Some in the crowded conference room of the Stop the Violence, Increase the Peace Foundation, which Shah founded 14 years ago, had past gang affiliations. Representatives from the U.S. Justice Department were there, along with members of the Los Angeles County Human Relations Commission, among others, working phones and laptops.

The goal of everyone in the room was to see that calm prevailed in the city, no matter how people felt about the trial's outcome.

And, by day's end, it was clear that the group's yearlong planning efforts had been successful. Despite widespread disappointment and anger, police reported there was no trial-related violence in Inglewood or in neighboring communities.

Some Inglewood leaders credit Shah with pushing for the coalition that helped prepare residents to cope with what turned out to be an unsatisfactory outcome for many.

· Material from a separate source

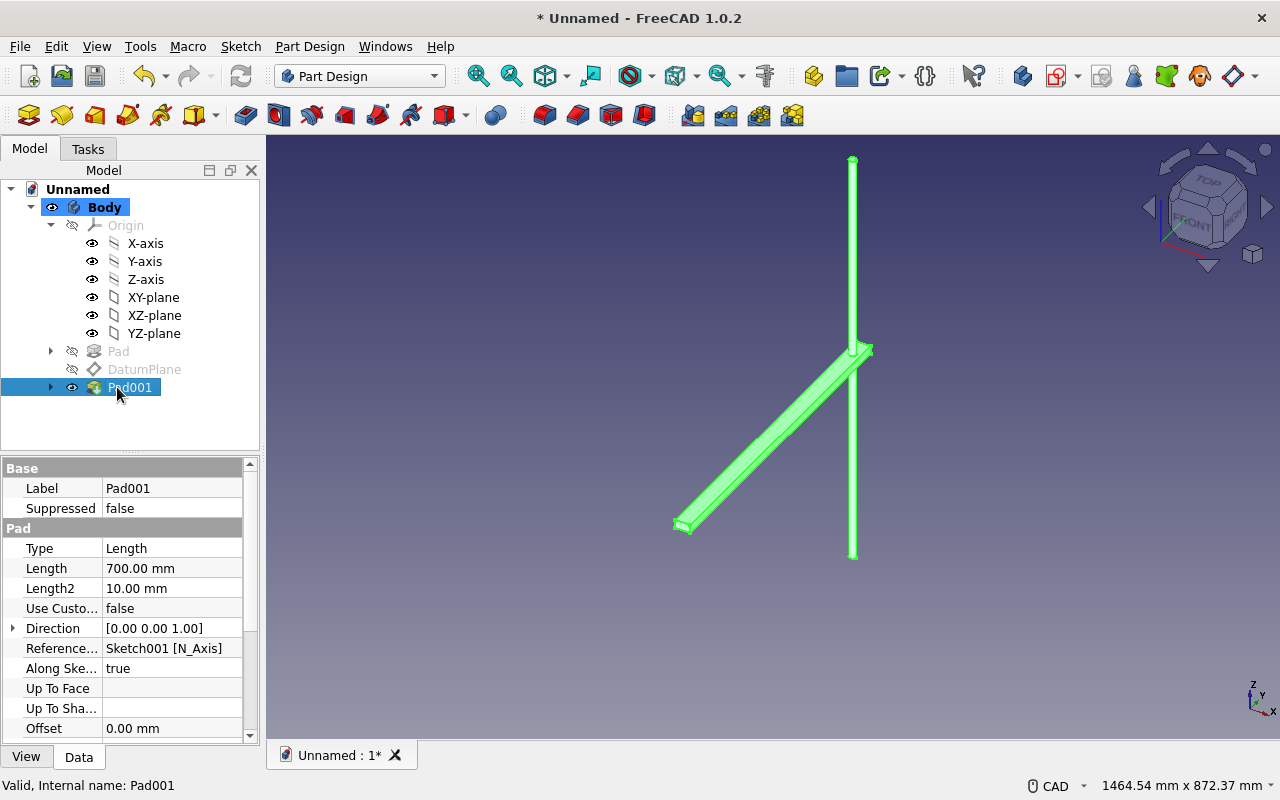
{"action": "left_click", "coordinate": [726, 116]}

The peaceful response was especially heartening to Shah, who spent his 20s in state prison but, through his foundation, has since devoted his life to trying to stem the violence that has plagued poor minority neighborhoods and to steering young people away from gangs.

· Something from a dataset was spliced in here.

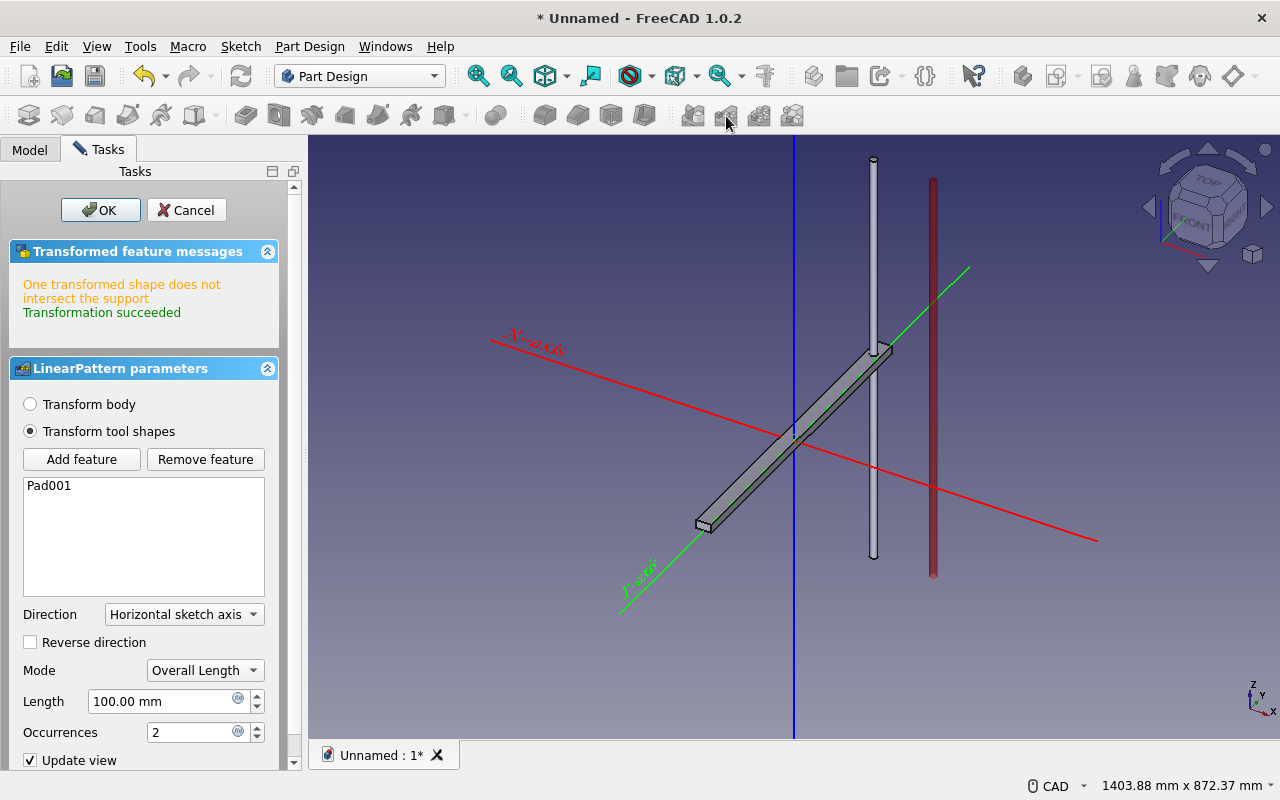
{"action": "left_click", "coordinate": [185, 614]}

"He has turned his life around," said black activist Najee Ali of Project Islamic Hope, "and he has set an example for me and others to turn our lives around."

On verdict day, Shah said he got a glimpse of fulfillment.

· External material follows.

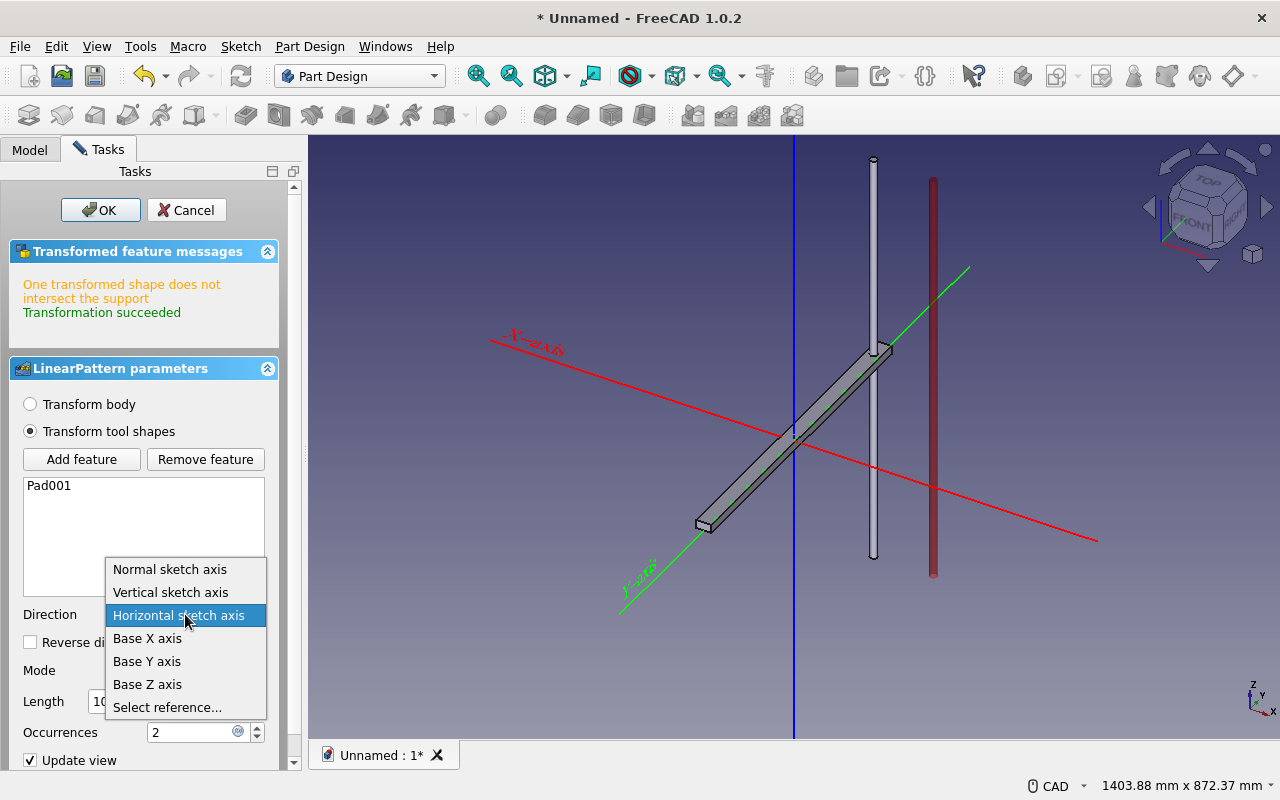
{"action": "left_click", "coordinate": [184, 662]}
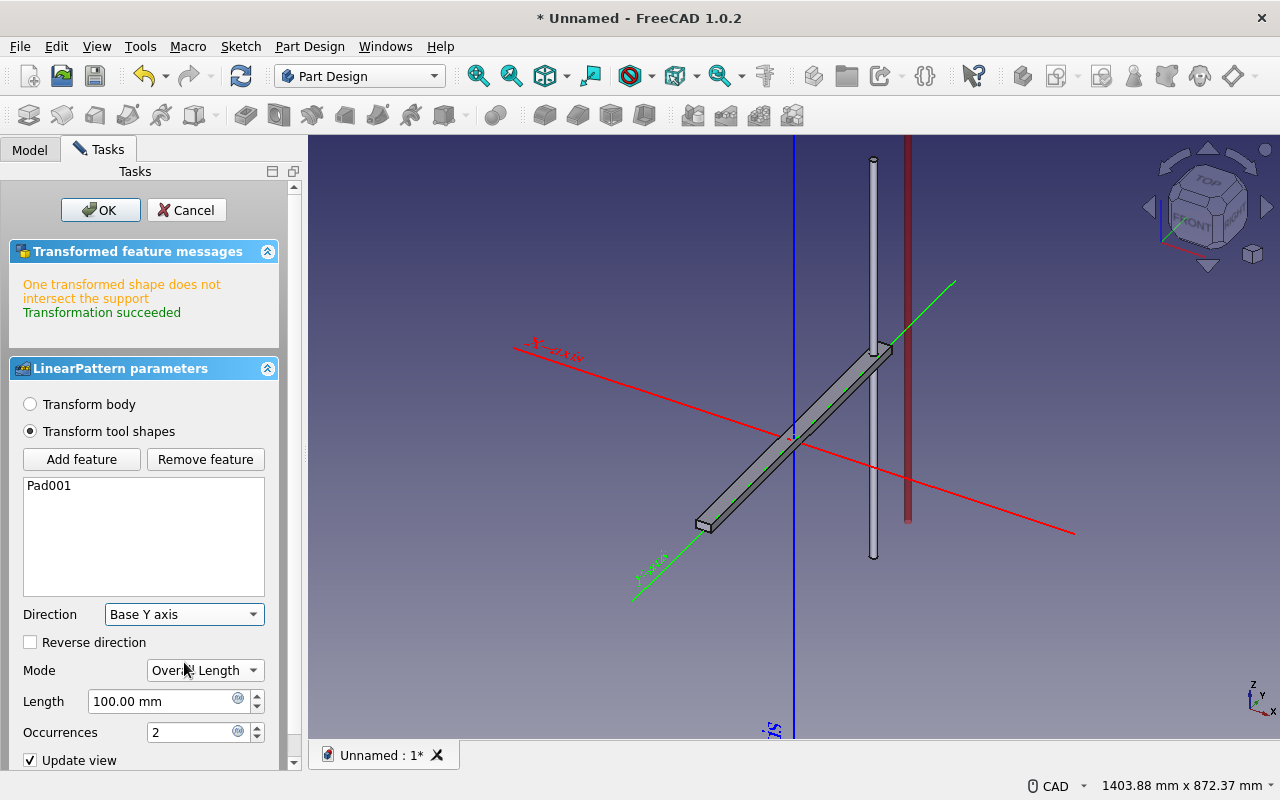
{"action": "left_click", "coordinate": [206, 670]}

"It was a beautiful sight to see all these people come together, to see our youth talking with our police officers, to see the enthusiasm of hundreds of volunteers," Shah said.

He had helped form the Inglewood Peace and Fairness Coalition shortly after the videotaped confrontation between Inglewood officers and 16-year-old Donovan Jackson in July 2002 sparked outrage around the nation.

The videotape -- shot by a bystander -- showed Jeremy Morse, a white officer who has since been fired, lifting Jackson, who is black, and slamming him onto the trunk of a police car before punching him in the face.

On Tuesday, jurors found Morse's then-partner, Bijan Darvish, not guilty of filing a false police report on the arrest. But the panel deadlocked -- seven favoring a guilty verdict, five opposed -- on the assault charge against Morse.

The following day, Dist. Atty. Steve Cooley announced that his office would retry the Morse case.

"I am so proud of our community for not compounding one injustice with another," Shah said.

Like others in the coalition of religious, political, business and law enforcement leaders, residents and community organizations, Shah had worried about a possible repeat of the deadly rioting that shook Los Angeles in 1992, after an all-white jury failed to convict any of the LAPD officers caught on videotape in the beating of black motorist Rodney G. King.

Shah said his concerns grew when, a few days after the Jackson incident, several hundred demonstrators showed up at Inglewood City Hall demanding justice.

"I heard things like 'Burn it down' and 'No justice, no peace,' and I began to worry about the message that was getting out to our young people," Shah said. "Many of us felt we wanted to change that message to 'Peace, no matter what.'

"We wanted to show that it is OK to be angry, OK to be outraged even, but it is not OK to resort to violence and destroy your community, your homes, your jobs," he said. "There are other ways to fight injustice that don't hurt the community."

Helping recast the message was a task that the articulate, tireless Shah was amply suited to accomplish, say many of those who know him.

"He has a lot of standing in the community, and he used that standing in a very positive way to talk with great sensitivity about two difficult positions -- the concerns about violence and also the concerns of the community and how to acknowledge them and deal with them," said Ronald K. Wakabayashi of the U.S. Justice Department.

Wakabayashi worked closely with the coalition to formulate and carry out plans to ensure a peaceful response to the verdict.

Inglewood Mayor Roosevelt F. Dorn called Shah "a born leader; there isn't any question about it."

"The coalition was a combination of many organizations and many individuals working together with one common goal. I am most pleased with the work they did," Dorn said. "And, in my opinion, it was Khalid Shah who was the force behind bringing them together and keeping them together and keeping them focused."